WASHINGTON -- The 30s is a time when many young professionals envision "getting it together" after the fun, carefree days of their 20s.
But for today's 30-somethings, "getting it together," at least financially, can be difficult.
With 37 million young professionals burdened by $1 trillion in student debt, today's 30-somethings find it challenging to meet day-to-day expenses, let alone save money. The tight job market and recovering economy only make financial goals more difficult.
Kimberly Palmer, senior editor for U.S. News Money, says the best way to get ahead and build up savings is to put aside as much as you can, when you can.
"You should be aiming to save 20 percent, or even more when you look at both your retirement savings and your shorter-term savings," Palmer says.
That number may sound ambitious, but preparing for unforeseen expenses will help keep you out of as much debt as possible down the road.
Build a Buffer to Keep Debt at Bay
Planning ahead of time for major life transitions, such as buying a home or having children, is important to keep in mind, Palmer says.
You may feel like you have a lot of money when you save up cash for a down payment on a house or condo, but expenses do not stop there.
"A lot of people don't realize how expensive it is after you buy a house or have children -- some of these major transitions that happen in your 30s -- and there are big costs that come up," Palmer says. "There are times in your 30s when you will be very crunched, especially after big transitions … and it will be very difficult to save."
Building a buffer of cash is a great way to ward off debt that may stem from these financially strapped moments in life.
How much cash should you have on hand? Palmer says it all depends on your lifestyle, but having three to six months of expenses covered is ideal.
Knowing what to plan for also helps when calculating how much money to set aside. For example, Palmer says most couples spend around $12,000 in the first year of their child's life. Having extra cash set aside for a time such as that can help ward off financial surprise.
Don't Rush into Big Expenses
Previous generations typically purchased homes and had children at a younger age than most do today. But just because your parents purchased their house at the age of 28 doesn't mean you should feel the stress to do so as well.
Natalie Taylor, a certified financial planner with LearnVest Planning Services, tells The Huffington Post that too many people rush into buying a house, and later learn they can't handle the monthly payments.

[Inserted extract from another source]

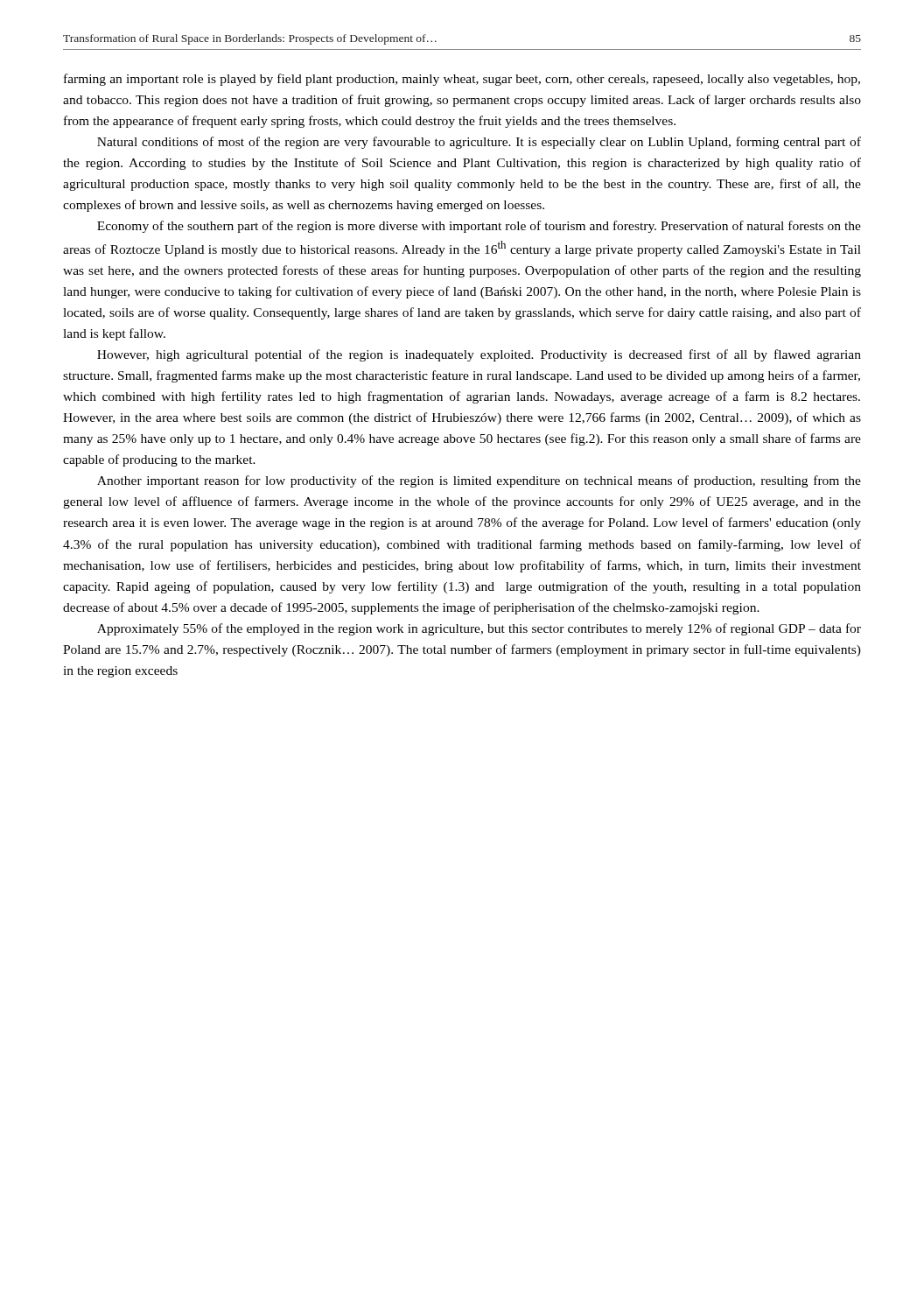Click on the passage starting "farming an important"
The width and height of the screenshot is (924, 1313).
[x=462, y=100]

"… Before buying a house, you should be financially stable. If that's not until your 30s or 40s, that's OK," she says.
Negotiate Your Salary, Take Advantage of Benefits
U.S. News' Palmer says it's common for most young employees to feel grateful they have a job in a challenging job market. This feeling can cause some to shy away from asking for a raise or negotiating salaries. However, she says, the 30s is not the time to hesitate when it comes to salary.
"It's something to really embrace, especially in your 30s when you are going through all of these potential career transitions and these potential new jobs," she says.
Palmer says switching jobs is the perfect opportunity to negotiate salary; it's the time when you have the most leverage to increase your salary.
Professionals don't take sufficient advantage of employee benefits either, Palmer says -- especially when it comes to building a 401k.
"That is one of the best things you can do to really boost your retirement savings. You, of course, won't get to enjoy that money in your 30s, but you're really shoring up your finances and you'll really be in a much better position down the road when you're ready to retire," she says.
Be Realistic: Know How Much You Need for Retirement
Financial planner Taylor says a lot of younger clients think they will be able to save more for retirement when they are older and make more money, according to The Huffington Post.
However, she says by the time you are older and making more money, chances are, you have more financial responsibilities: a mortgage, kids, college funds, etc.
Her advice is to get serious and start saving for retirement as soon as possible. U.S. News' Palmer says meeting with a financial planner can be helpful when it comes to figuring out how much you need to save for retirement.
Don't Skimp on Insurance
Palmer says it's important to know health insurance isn't the only kind you need. She says 30-somethings, and people of all ages, are extremely underinsured in certain categories.
For those who rent, Palmer says, renter's insurance is necessary.
"It's very affordable; it's very inexpensive, but it can really save you financially if something unexpected were to happen," she says.
Disability insurance is also worth considering. Palmer says this helps if anything happens to you and you are unable to work for a period of time.
"[It's important to] really make sure you do have the insurance that you need. It really serves to ensure that you can get through difficult, unexpected times that of course do crop up in your 30s and anytime in your life."